Deformed wing virus (DWV) is suspected of causing the wing and abdominal deformities often found on adult honeybees in colonies infested with Varroa mites. These symptoms include damaged appendages, particularly stubby, useless wings, shortened, rounded abdomens, miscoloring and paralysis of the legs and wings. The wing deformities result in bees that are unable to fly. Symptomatic bees have severely reduced life-span (less than 48 hours usually) and are typically expelled from the hive. The symptoms are strongly correlated with elevated DWV titres, with reduced titres in asymptomatic bees from the same colonies. In the absence of mites the virus is thought to persist in the bee populations as a covert infection, transmitted orally between adults (nurse bees) since the virus can be detected in hypopharyngeal secretions (royal jelly) and broodfood and also vertically through the queen's ovaries and through drone sperm. DWV-A cannot replicate in the Varroa mite, while DWV-B can replicate and thus infect the mite.

==Transmission by Varroa destructor==

The severe symptoms of DWV infections appear to be associated with Varroa destructor infestation of the bee hive and studies have shown that Varroa destructor harbors greater levels of the virus than are found even in severely infected bees. Thus V. destructor may not only be a concentrating vector of the virus but may also act as a replicating incubator, magnifying and increasing its effects on the bees and on the hive. The Varroa mite has been demonstrated to cause the frequency of deformed wing virus to increase in frequency from 10 percent to 100 percent. It is the single greatest factor in the decimation of bee colonies worldwide. The DWV-B strain of this virus has been shown to be particularly virulent and responsible of over-winter colony mortality. In temperate regions, adult honey bee workers remain in the hive surrounding the queen until the following spring. During this relatively long period of several months, viral load may increase in each worker to a lethal level. If too many workers die from DWV infection during winter, the colony will not be able to stabilize the temperature of the hive and the whole colony may collapse.

The combination of mites and DWV may cause immunosuppression in the bees and increased susceptibility to other opportunistic pathogens and has been considered a significant factor in honey bee colony collapse disorder.

The virus may also be transmitted from queen to egg and in regurgitated food sources, but in the absence of V. destructor this does not typically result in large numbers of deformed bees.

==DWV impairs cognitive functions==

The artificial infection of this virus is also reported to cause specific deficits in behavioural plasticity of honeybees.
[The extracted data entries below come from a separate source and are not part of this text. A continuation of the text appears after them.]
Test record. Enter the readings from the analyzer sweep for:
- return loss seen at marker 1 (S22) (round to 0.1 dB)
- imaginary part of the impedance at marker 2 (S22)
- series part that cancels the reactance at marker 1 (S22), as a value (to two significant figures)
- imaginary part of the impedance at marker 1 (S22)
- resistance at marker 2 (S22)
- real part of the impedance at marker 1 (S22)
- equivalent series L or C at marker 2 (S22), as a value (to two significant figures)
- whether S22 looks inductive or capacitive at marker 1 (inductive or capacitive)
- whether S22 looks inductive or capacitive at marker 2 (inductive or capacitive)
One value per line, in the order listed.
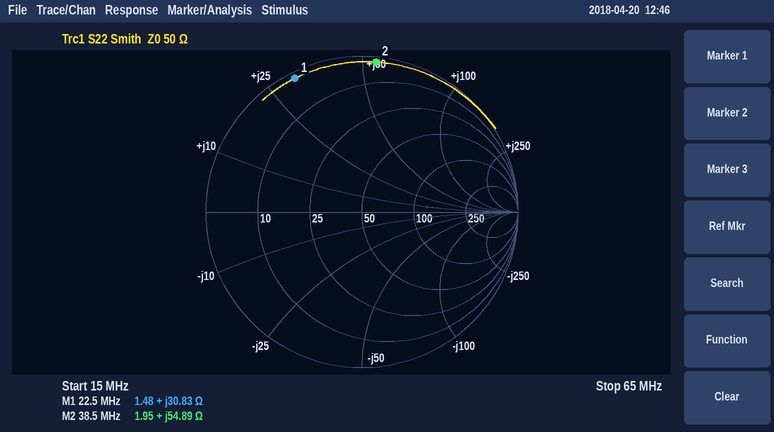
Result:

Honeybees are more responsive to sucrose stimuli four days after infection. Furthermore, infected bees show impairment in an associative learning paradigm during acquisition and in the test for memory retention 2h and 24 hours after the training. Performance in non-associative learning paradigms, like habituation and sensitization, was not affected by the virus.

==Kakugo virus and aggressive behavior==

Another virus, the Kakugo virus, has an RNA sequence that is 98% similar to DWV. It is considered a subtype of the DWV species. It is found only in the mushroom bodies of aggressive, guard honeybees. Bees that are significantly affected by DWV also have measurable titers of the virus in their heads while bees that are symptomless only produce titers in their abdomens or thoraxes.